HMS Exeter (68) was the second and last York-class heavy cruiser built for the Royal Navy during the late 1920s. Aside from a temporary deployment with the Mediterranean Fleet during the Abyssinia Crisis of 1935–36, she spent the bulk of the 1930s assigned to the Atlantic Fleet or the North America and West Indies Station. When World War II began in September 1939, the cruiser was assigned to patrol South American waters against German commerce raiders. Then the Exeter was one of three British cruisers that fought the German pocket battleship, the Admiral Graf Spee, later that year in the Battle of the River Plate. She was severely damaged during the battle, and she was in the shipyard for over a year.

After her repairs were completed, the ship spent most of 1941 on convoy escort duties before she was transferred to the Far East after the start of the Pacific War in December. The Exeter was generally assigned to escorting convoys to and from Singapore during the Malayan Campaign, and she continued on those duties in early February 1942 as the Japanese prepared to invade the Dutch East Indies. Later that month, she was assigned to the Striking Force of the joint American-British-Dutch-Australian Command (ABDACOM), and she took on a more active role in the defence of the Dutch East Indies. The culmination of this was her engagement in the Battle of the Java Sea later in the month as the Allies attempted to intercept several Imperial Japanese Navy invasion convoys.
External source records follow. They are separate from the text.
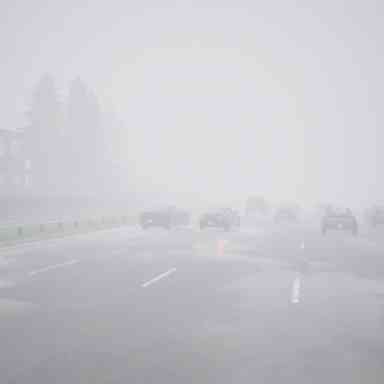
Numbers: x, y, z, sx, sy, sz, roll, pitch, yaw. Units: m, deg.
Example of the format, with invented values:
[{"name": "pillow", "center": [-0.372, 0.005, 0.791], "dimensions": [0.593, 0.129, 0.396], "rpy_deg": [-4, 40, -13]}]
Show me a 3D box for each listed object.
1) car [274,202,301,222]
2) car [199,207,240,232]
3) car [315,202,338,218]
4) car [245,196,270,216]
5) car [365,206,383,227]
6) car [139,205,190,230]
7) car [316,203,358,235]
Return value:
[{"name": "car", "center": [8.229, 1.765, 28.967], "dimensions": [1.812, 1.442, 4.674], "rpy_deg": [0, 0, 20]}, {"name": "car", "center": [1.857, 1.667, 21.495], "dimensions": [1.812, 1.442, 4.674], "rpy_deg": [0, -1, 20]}, {"name": "car", "center": [14.219, 1.876, 35.364], "dimensions": [2.033, 1.411, 5.357], "rpy_deg": [0, 0, 20]}, {"name": "car", "center": [7.297, 1.501, 36.783], "dimensions": [2.150, 2.045, 5.566], "rpy_deg": [0, 0, 20]}, {"name": "car", "center": [14.145, 1.756, 24.711], "dimensions": [2.128, 1.511, 4.902], "rpy_deg": [0, 0, 20]}, {"name": "car", "center": [-1.656, 1.592, 22.059], "dimensions": [1.882, 1.535, 5.008], "rpy_deg": [0, 0, 20]}, {"name": "car", "center": [8.903, 1.686, 20.415], "dimensions": [2.128, 1.511, 4.902], "rpy_deg": [0, 0, 20]}]
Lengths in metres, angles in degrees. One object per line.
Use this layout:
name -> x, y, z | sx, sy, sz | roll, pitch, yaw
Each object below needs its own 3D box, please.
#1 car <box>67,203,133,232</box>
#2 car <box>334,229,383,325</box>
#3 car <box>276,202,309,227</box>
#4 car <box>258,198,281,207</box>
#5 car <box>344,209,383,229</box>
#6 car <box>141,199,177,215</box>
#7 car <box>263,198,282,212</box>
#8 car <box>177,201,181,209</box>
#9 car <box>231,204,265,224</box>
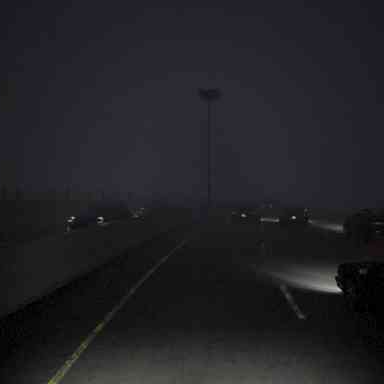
car -> -4.987, 1.420, 18.616 | 2.097, 1.767, 4.553 | 0, 0, 12
car -> 3.839, 1.582, 4.687 | 2.033, 1.411, 5.357 | 0, 0, 4
car -> 7.355, 1.697, 24.121 | 1.994, 1.385, 4.181 | 0, 0, 16
car -> 14.151, 1.887, 60.661 | 2.033, 1.411, 5.357 | 0, 0, 38
car -> 9.049, 1.597, 16.614 | 2.128, 1.511, 4.902 | 0, 0, 11
car -> -3.713, 1.654, 35.703 | 1.837, 1.490, 4.892 | 0, 0, 21
car -> 10.217, 1.721, 40.879 | 2.163, 1.488, 4.792 | 0, 0, 26
car -> -3.326, 1.671, 45.503 | 1.882, 1.535, 5.008 | 0, 0, 26
car -> 4.324, 1.696, 26.156 | 1.994, 1.385, 4.181 | 0, 0, 17

The Exeter was crippled early in the battle, and she did not play much of a role as she withdrew. Two days later, she attempted to escape inbound Japanese forces, but she was intercepted and sunk by Japanese ships at the beginning of March in the Second Battle of the Java Sea.

Most of her crewmen survived the sinking and were rescued by the Japanese. About a quarter of them died during Japanese captivity. Her wreck was discovered in early 2007, and it was declared a war grave, but by 2016 her remains had been destroyed by illegal salvagers.